A BSD person tries Alpine Linux

Overall view of Alpine vs BSD and other Linux distros

  • Several BSD users say Alpine is the first Linux in a long time that “feels sane”: small, coherent, fast to boot, easy to understand.
  • They contrast this with Linux fragmentation: multiple firewalls, network stacks, init systems, and changing tools (ifconfig vs ip, netstat vs ss), plus distro-specific churn.
  • Others push back that many Linux inconsistencies are distro choices, and that BSDs also differ substantially from each other.

ZFS and storage tooling

  • Alpine ships a binary ZFS kernel module; apk add zfs is enough for data pools.
  • Root-on-ZFS is documented and works but is not installer-integrated and requires many manual steps, unlike FreeBSD’s “Auto (ZFS)” option.
  • Advocates argue ZFS-on-root is very useful for snapshots, rollbacks, corruption detection, and flexible datasets; others question whether root specifically needs ZFS.
  • ZFSBootMenu on Linux is praised as more powerful than FreeBSD’s boot environments, though no mainstream Linux distro fully integrates “root on ZFS + ZFSBootMenu” out of the box.

Init systems: OpenRC vs systemd and supervision suites

  • Some find OpenRC refreshing and “fun” compared to systemd; others criticize PID files and syslog dependence, calling process supervision (runit, s6, daemontools, dinit) superior.
  • systemd is defended as a major step forward for admin tooling and parallel boot; critics argue it centralizes too much in PID 1, increases attack surface, and is architecturally fragile.
  • Alpine itself is exploring alternatives to OpenRC and init-agnostic designs; s6-based efforts exist but are slow-moving.

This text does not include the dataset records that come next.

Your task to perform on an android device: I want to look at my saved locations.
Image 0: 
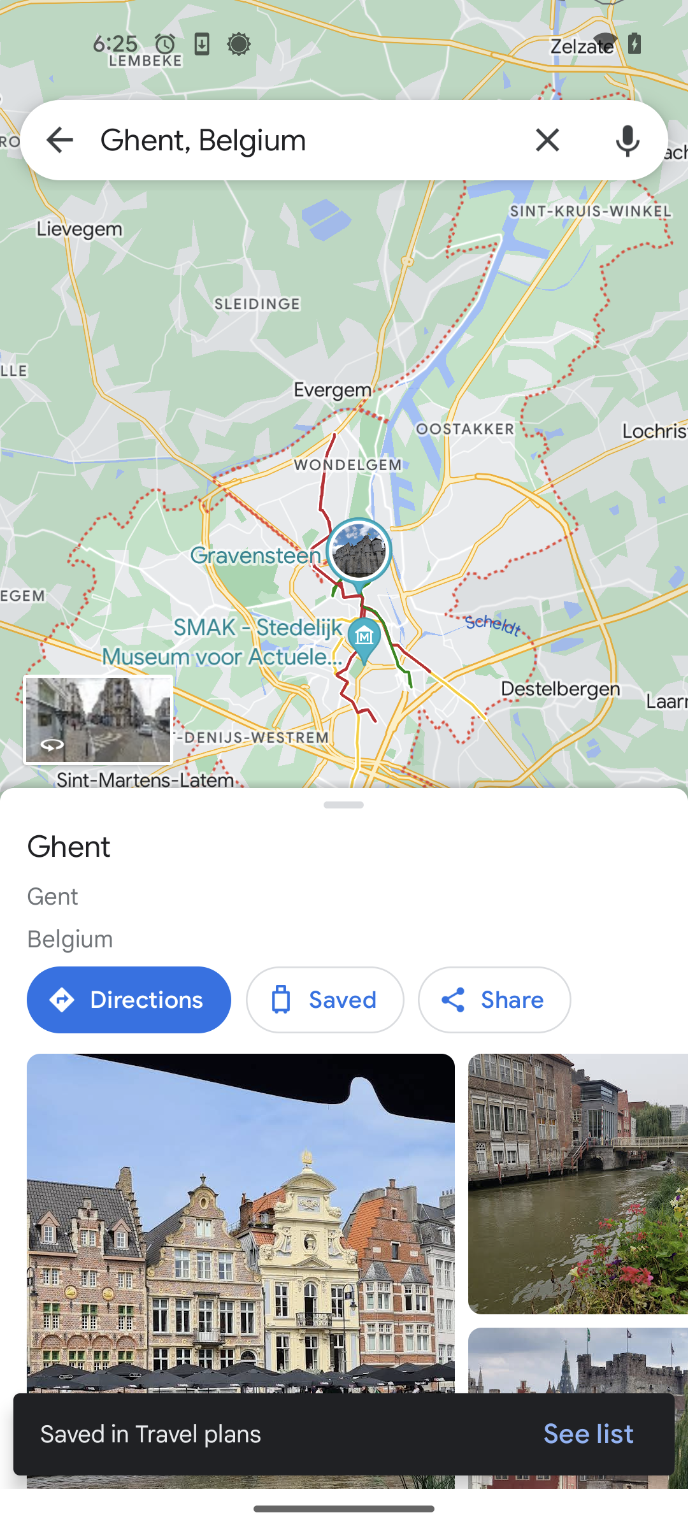
Tap on the see list option to view saved places
Step 0: click (589, 1433)
Image 1: 
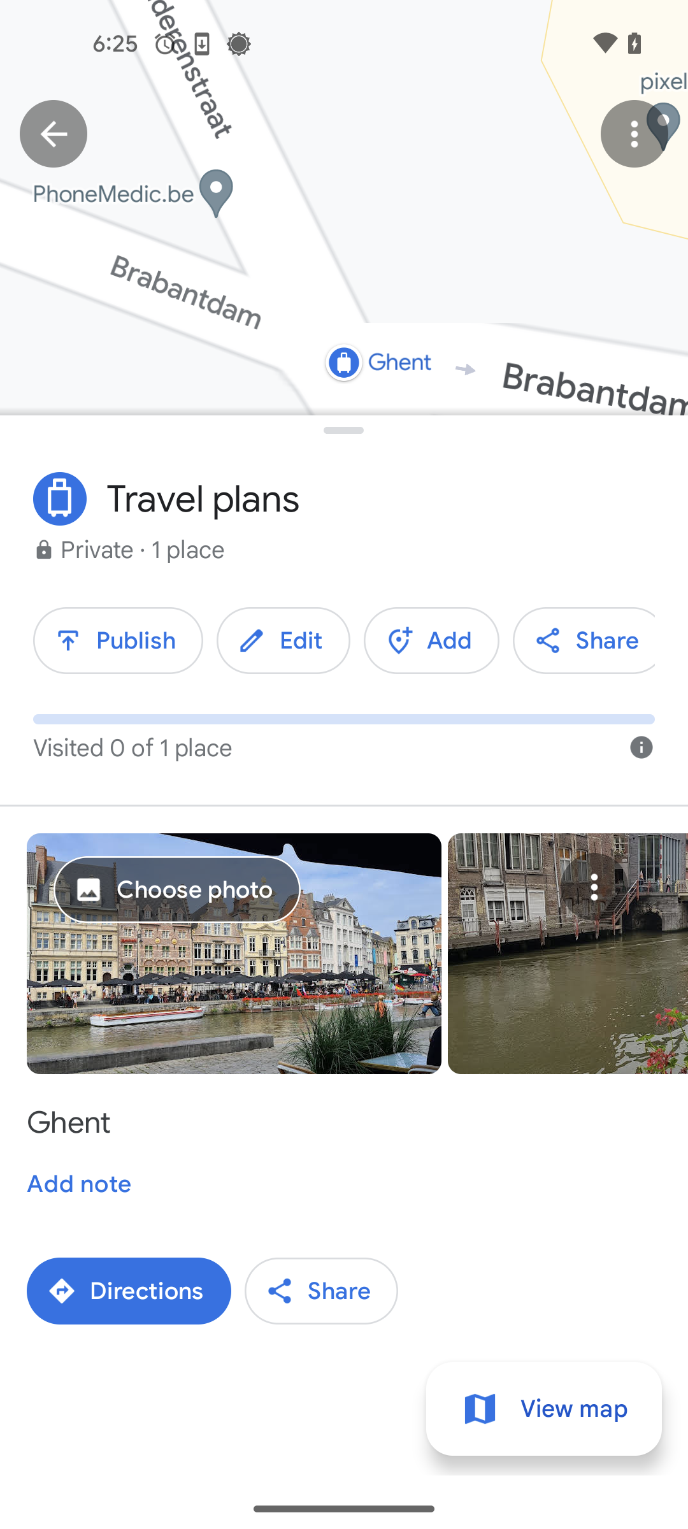
Swipe left to view more
Step 1: scroll right

musl vs glibc: security and performance

  • glibc is described as having a more hardened heap and better mitigations; musl is smaller and easier to reason about but historically less hardened and with weaker allocator performance, especially in multithreaded workloads.
  • Some report noticeable slowdowns when switching CI/container workloads from Debian+glibc to Alpine+musl; others note musl and ecosystem support (e.g., wheels, DNS issues) have improved.
  • musl lacks some APIs (e.g., pthread_attr_setaffinity_np), breaking software like PyTorch.

Package management, docs, and desktop experience

  • Alpine’s apk plus editing /etc/apk/world gives a quasi-declarative setup; compared to Gentoo’s world/sets mechanism.
  • Docs/man pages are not installed by default, but a docs meta-package can pull in *-doc packages automatically.
  • As a desktop OS, users praise snappiness and simplicity but mention: tricky GUI setup, Bluetooth/audio issues, musl incompatibilities, and package upgrades occasionally removing needed components.

Security and supply-chain discussions

  • One external critique (quoted in the thread) claims Alpine lacks full-source bootstrap, signed commits/reviews, and reproducibility; others counter that Alpine does sign packages and that most distros are similar regarding bootstrap and reproducibility.
  • Contributors note that stronger supply-chain assurances require significant funding and infrastructure, which small projects often lack.